I kinda like that metal trestle.......


----------



## Lemonhawk (Sep 24, 2013)

I like blue's truss bridge, its strong looking and built for trains. That spindly metal trestle just won't hold that Challenger! Trouble is I really like bridges and if I had a nice ravine to cross, I'd have that spindly trestle in a minute! But for a low river crossing its the truss! You can't really go wrong no matter what!


----------



## bluenavigator (Aug 30, 2015)

Yea, nice metal trestle but I do not think that it would be used to go across the river. Across the river, there is usually concrete tiers supporting the bridge.

For the nice strong truss bridge that I posted, it is Keystone Viaduct in PA.

Here is the link to the Keystone Viaduct.

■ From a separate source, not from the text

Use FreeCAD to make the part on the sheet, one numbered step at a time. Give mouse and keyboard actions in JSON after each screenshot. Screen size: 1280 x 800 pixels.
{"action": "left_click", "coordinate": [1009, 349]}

Plan to do more research on this bridge. Nice historical bridge. Need to find out how long it would be in HO scale. it looks like that it is 150-200' long. Will find out more later.


----------



## Overkast (Jan 16, 2015)

Great progress bluenav! And great find on the Keystone Viaduct bridge. IMO, Pennsylvania has some of the *BEST* railroad terrain and history around. I'm always fascinated by the old bridges / viaducts architecture and the twisting, winding rail lines and how they contour the terrain and criss-cross all over each other.


----------



## VegasN (Mar 14, 2016)

I must agree. I guess I had a huge railfan hidden inside......then I got a train set, and omg......that hidden railfan came bursting out. Call me weird, but I even enjoy pictures of empty tracks....lol.....


----------



## bluenavigator (Aug 30, 2015)

It would be nice to have known measurement in the photo. Only that the rails were missing. If it is there, we will have known measurement. 

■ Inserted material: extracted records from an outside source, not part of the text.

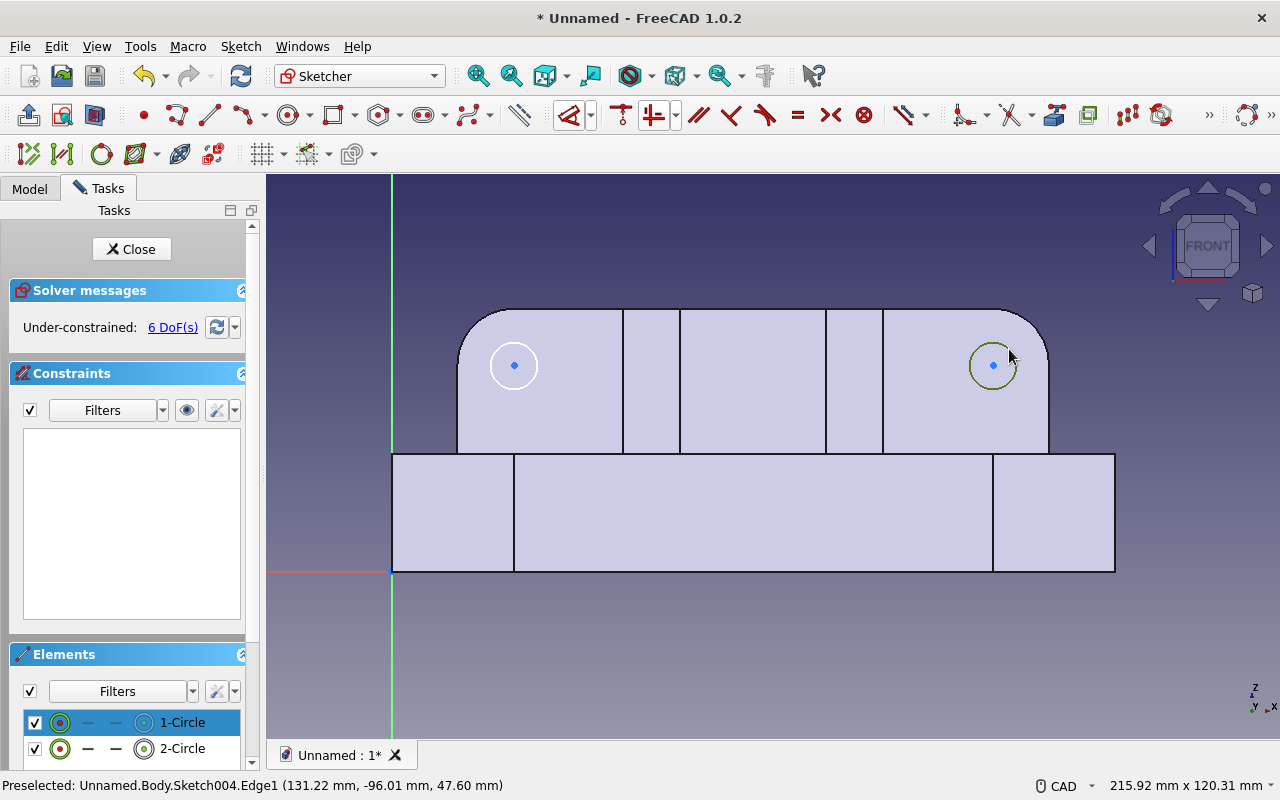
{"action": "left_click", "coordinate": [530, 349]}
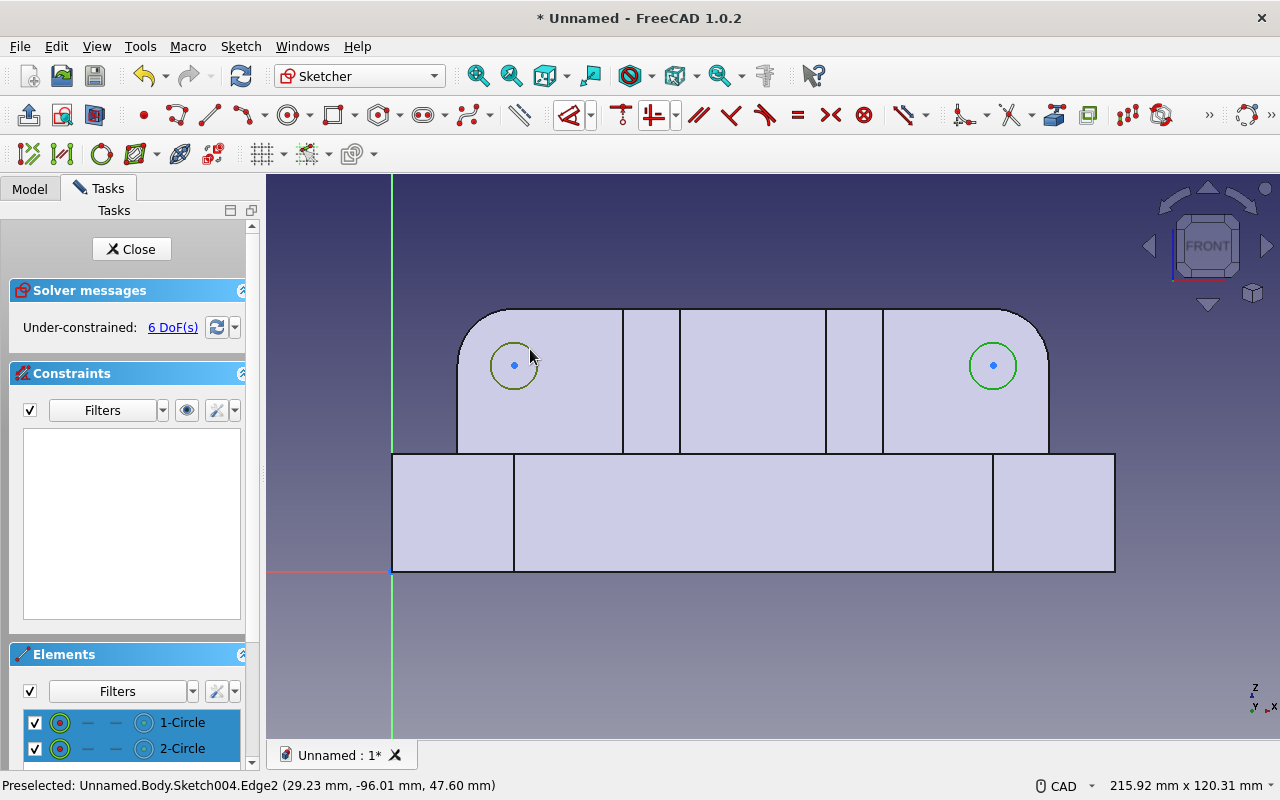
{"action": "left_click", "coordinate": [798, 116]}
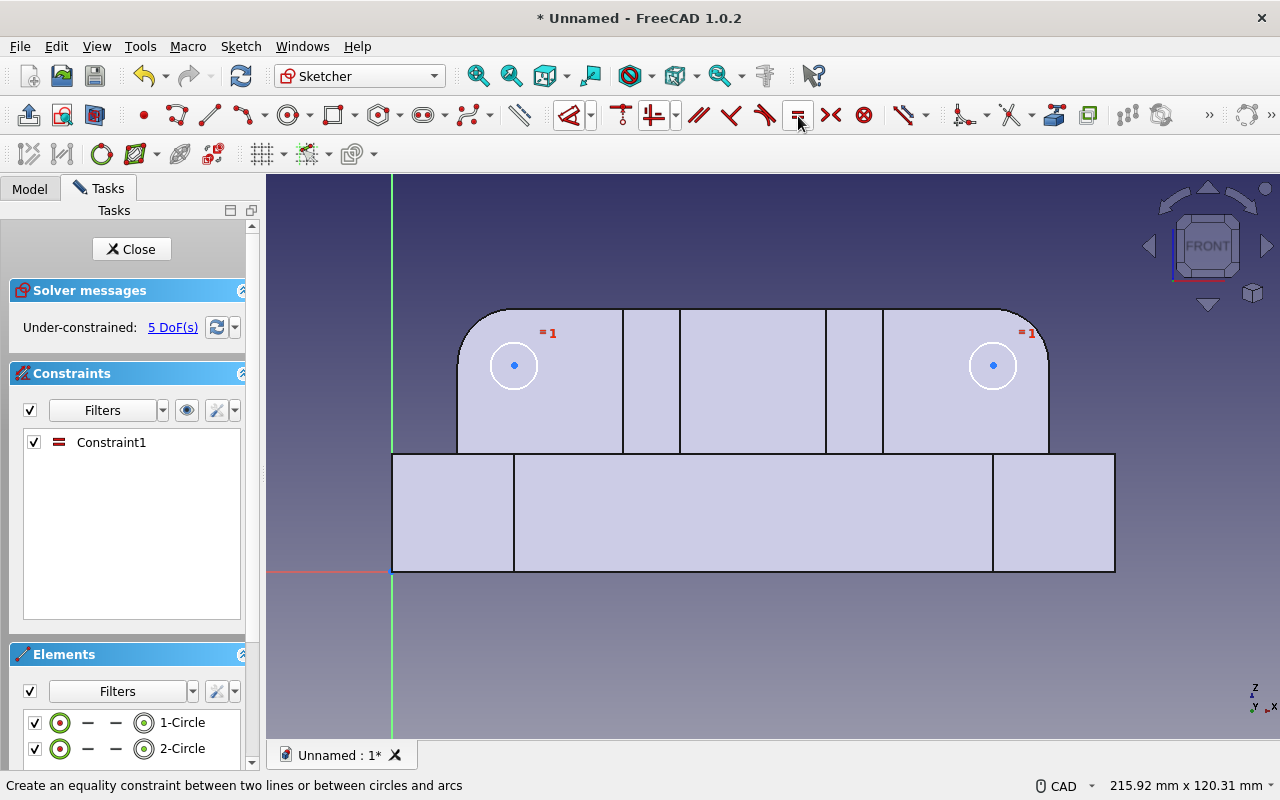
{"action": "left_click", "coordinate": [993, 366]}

Only that it is funny to have "1/2" on US railroads. 4' 8 1/2" seems strange to me. Wonder why they need 1/2 inch in there... That got my attention!


----------



## VegasN (Mar 14, 2016)

British rails are different? I mean, other than kilometers and meters.


----------



## bluenavigator (Aug 30, 2015)

Actually, UK railway use the same guage as we do because of George Stephenson chose 4' 8 1/2" - actually 1/2" for free movement to reduce binding on curves (I found that in wiki). 

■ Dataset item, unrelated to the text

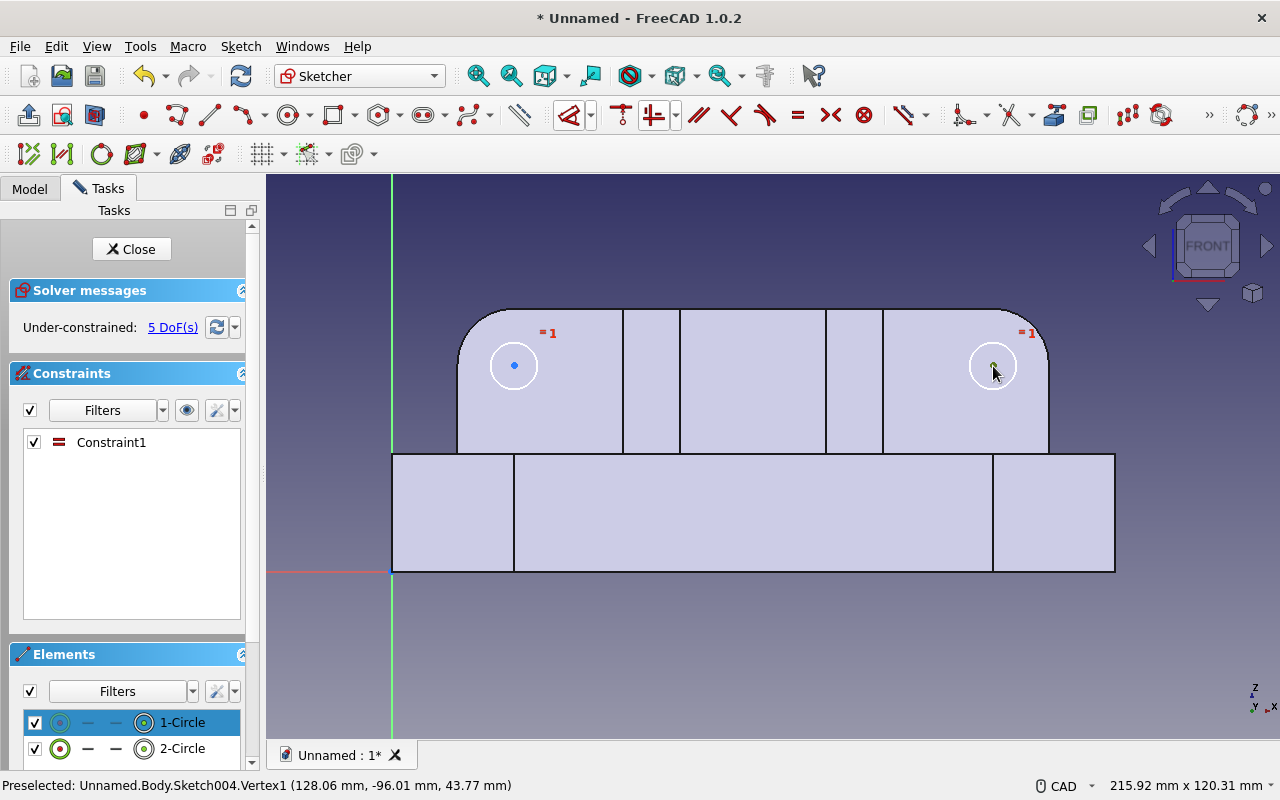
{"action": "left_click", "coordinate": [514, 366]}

Since we buy trains from UK, we use their gauge and accepted it as standard gauge. That explains how 1/2" play comes in.


----------



## VegasN (Mar 14, 2016)

bluenavigator said:


> Actually, UK railway use the same guage as we do because of George Stephenson chose 4' 8 1/2" - actually 1/2" for free movement to reduce binding on curves (I found that in wiki).
> 
> Since we buy trains from UK, we use their gauge and accepted it as standard gauge. That explains how 1/2" play comes in.


Interesting. Did not know that. I didn't even know the British invented railways.


----------



## bluenavigator (Aug 30, 2015)

Now I am having a dilemma. Should I build the bridge first or complete the whole laying the rails first? 

Right now, I have one temporary bridge setup. My concern is to remove the track to put up the actual built bridge.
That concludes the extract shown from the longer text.